I know there are tons of tutorials on anything I want that I could find via google.  However, I'm wondering if anyone knows of a good emacs tutorial that assumes I know why way around a command line and am familiar with programming.  I have recently read The Little Schemer and am currently reading SICP, and I am starving for a better Lisp workflow.  For example, interacting with my own code via a REPL is something I would love to experience.  I have read some tutorials and had a bit of success, but it's mostly skimming through either elementary stuff, or stuff that assumes I already know emacs.  Thanks a lot for any tips or links.
======
Fixnum
Emacs has pretty good/massive documentation: for help, just press "C-h t"
(Control-h, then t ...) for a tutorial.

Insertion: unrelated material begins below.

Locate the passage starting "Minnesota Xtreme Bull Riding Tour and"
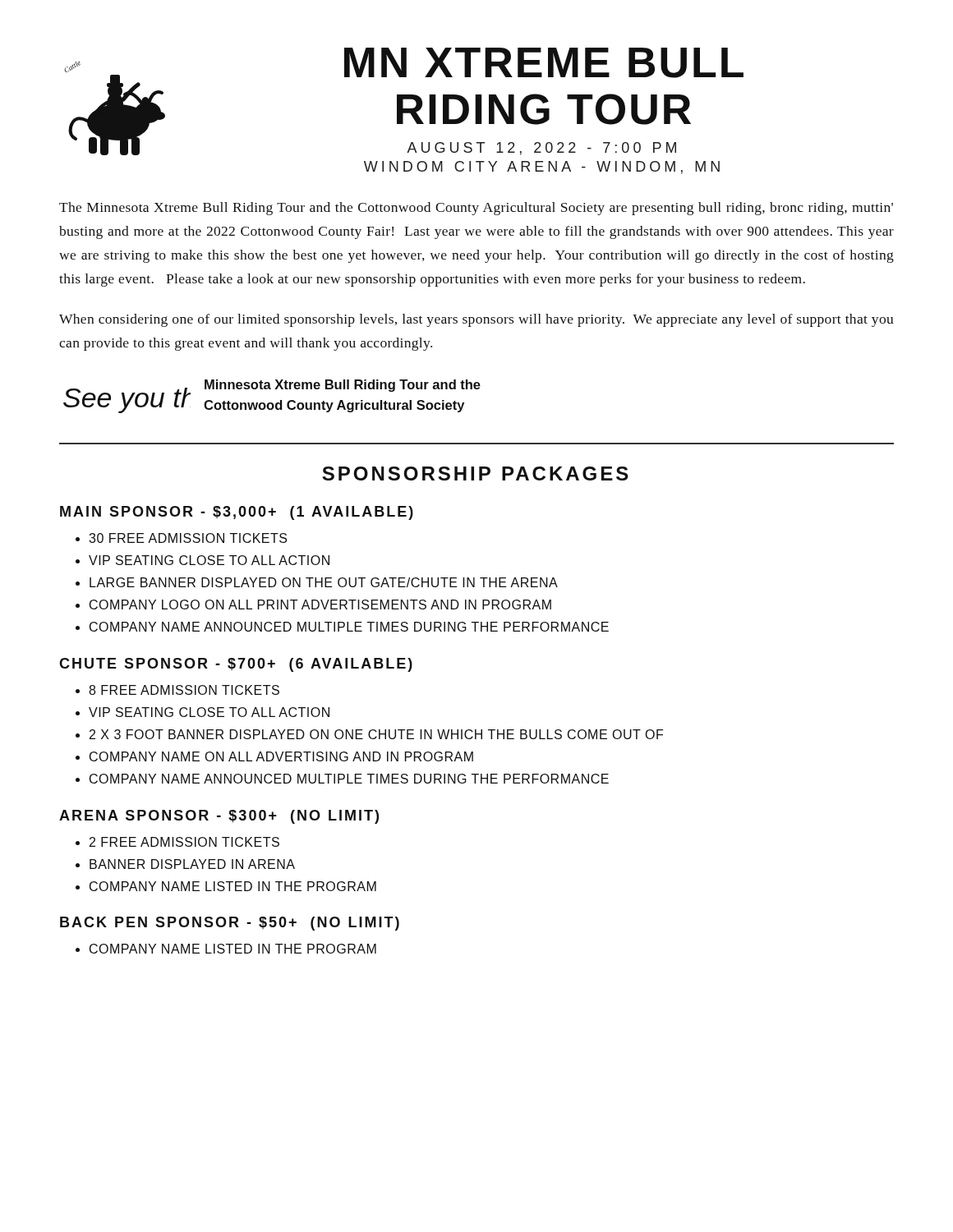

Or, type "M-x info" to get into info
mode and then scroll down to the Emacs section. Type 'h' in info mode for a
tutorial on info ...

Are you using Scheme or Common Lisp? For MIT Scheme or similar, you might want
to take the Emacs tutorial in Edwin instead (start MIT Scheme with the "-edit"
flag) since it contains Scheme-specific commands. Also check out
<http://www.gnu.org/software/mit-scheme/> and follow the directions to install
xscheme.elc - it gives you a Scheme-mode optimized for MIT Scheme. This
doesn't compare to SLIME mode for Common Lisp, but I don't know of a good
substitute.

That said, there are QUITE a lot of Emacs and Scheme-mode commands, and the
only way to learn them is through use. Once you're familiar with the basics
(motions and evaluating), you might take a list of commands you want to master
and put up two or three at a time, making a point of using them. Here's a very
limited and basic set of Emacs/Scheme commands:
[http://github.com/bcdarwin/SICP/blob/master/emacs_bindings_s...](http://github.com/bcdarwin/SICP/blob/master/emacs_bindings_sheet.html)

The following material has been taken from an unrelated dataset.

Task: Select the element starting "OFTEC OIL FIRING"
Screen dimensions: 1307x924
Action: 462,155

There is also customization via the .emacs file or Emacs Lisp programming; see
the Emacs info documentation or the O'Reilly books on this.

------
mnemonicsloth
You might try the elisp programming intro. You can read it online at
<http://www.gnu.org/software/emacs/emacs-lisp-intro/>, but the right way to
access it is within emacs. It should have an entry in the list of top-level
nodes you'll see if you hit M-x info.

Emacs also has a built-in repl, the Interactive ELisp Mode. Hit M-x (alt-x)
and type ielm (your cursor will have jumped down to the minibuffer below the
mode line) and hit enter. You'll find yourself in a buffer with an elisp
prompt, where you can use tab completion and elisp's doc functions to do a lot
of learning:

    
    
      (documentation FOO)
      (apropos STRING)
    

documentation finds the docstring attached to function FOO and apropos
searches for functions whose names match STRING.

------
Ixiaus
DrScheme (included with PLT-Scheme) is best for learning Scheme IMHO - the
different language packs are really helpful, the stepper is AMAZING (using the
stepper was the only way I was able to grasp/see a continuation and collector
in real time).

Emacs is my primary programming environment but thus far DrScheme beats Emacs
with it's visual debugger and stepper - it is perfect for learning.